▸ Task prompt:
Where the line containing "Answer: 400 What" appears in the records below, begin there and write out each line exactly until the last one, and nothing more.

▸ Entries shown:
=== Begin Enclosure ===

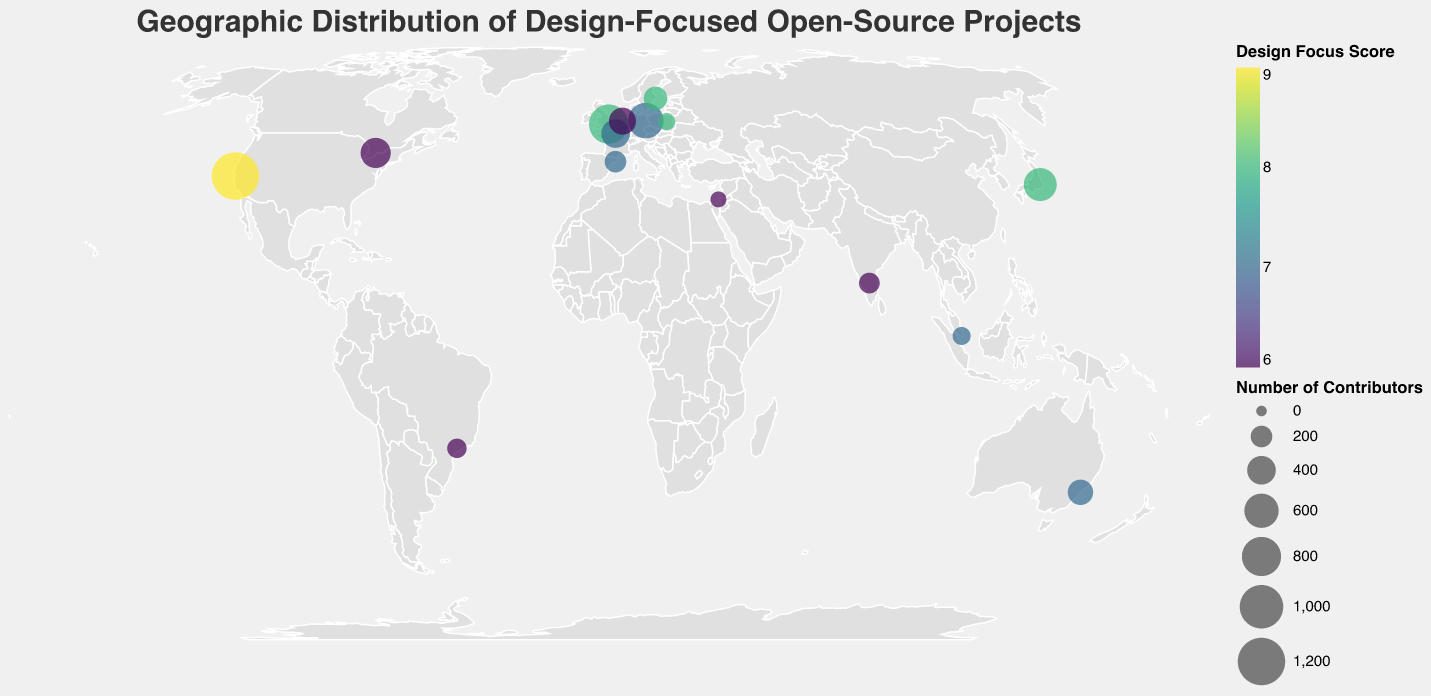How many cities are represented on the map? The visual shows dots on various cities across the world. Counting these dots will give the number of cities represented.
Answer: 15 Which project has the highest number of contributors, and where is it located? By examining the size of the circles, the largest circle represents the project with the most contributors. From the tooltip, we can identify that Bootstrap in San Francisco has the highest number of contributors.
Answer: Bootstrap in San Francisco What is the average Design Focus Score for projects in Europe? To find the average, we need the Design Focus Scores of the projects in European cities: London (8), Berlin (7), Paris (7), Amsterdam (6), Warsaw (8). Sum these scores and divide by the number of cities: (8 + 7 + 7 + 6 + 8) / 5 = 36 / 5.
Answer: 7.2 Which geographic region (continent) has the highest concentration of design-focused open-source projects? By observing the distribution of the circles on the map, we count and compare the number of projects in different continents. Europe has the most circles, indicating the highest concentration.
Answer: Europe Compare the contributors from Bootstrap and Tailwind CSS. How many more contributors does Bootstrap have than Tailwind CSS? Bootstrap has 1200 contributors and Tailwind CSS has 800 contributors. The difference in contributors is calculated as 1200 - 800.
Answer: 400 What is the significance of different circle sizes and colors on the geographic plot? The size of the circles represents the number of contributors; larger circles indicate more contributors. The color represents the Design Focus Score, with different shades indicating various scores.
Answer: Circle size: Number of contributors; Circle color: Design Focus Score Which city outside of Europe has the highest Design Focus Score, and what is that score? Checking the tooltip for non-European cities, Tokyo has the highest Design Focus Score of 8.
Answer: Tokyo, 8 What color scheme is used to represent the Design Focus Score, and what is its significance? The color scheme used is "viridis," a perceptually uniform colormap that makes it easier to distinguish different scores. Darker colors typically represent higher scores.
Answer: Viridis, darker colors indicate higher scores What are the top three cities with the highest number of contributors? Observing the circle sizes and tooltips: San Francisco (1200), London (800), Berlin (650).
Answer: San Francisco, London, Berlin

=== End Enclosure ===

▸ Solution for this task:
Answer: 400 What is the significance of different circle sizes and colors on the geographic plot? The size of the circles represents the number of contributors; larger circles indicate more contributors. The color represents the Design Focus Score, with different shades indicating various scores.
Answer: Circle size: Number of contributors; Circle color: Design Focus Score Which city outside of Europe has the highest Design Focus Score, and what is that score? Checking the tooltip for non-European cities, Tokyo has the highest Design Focus Score of 8.
Answer: Tokyo, 8 What color scheme is used to represent the Design Focus Score, and what is its significance? The color scheme used is "viridis," a perceptually uniform colormap that makes it easier to distinguish different scores. Darker colors typically represent higher scores.
Answer: Viridis, darker colors indicate higher scores What are the top three cities with the highest number of contributors? Observing the circle sizes and tooltips: San Francisco (1200), London (800), Berlin (650).
Answer: San Francisco, London, Berlin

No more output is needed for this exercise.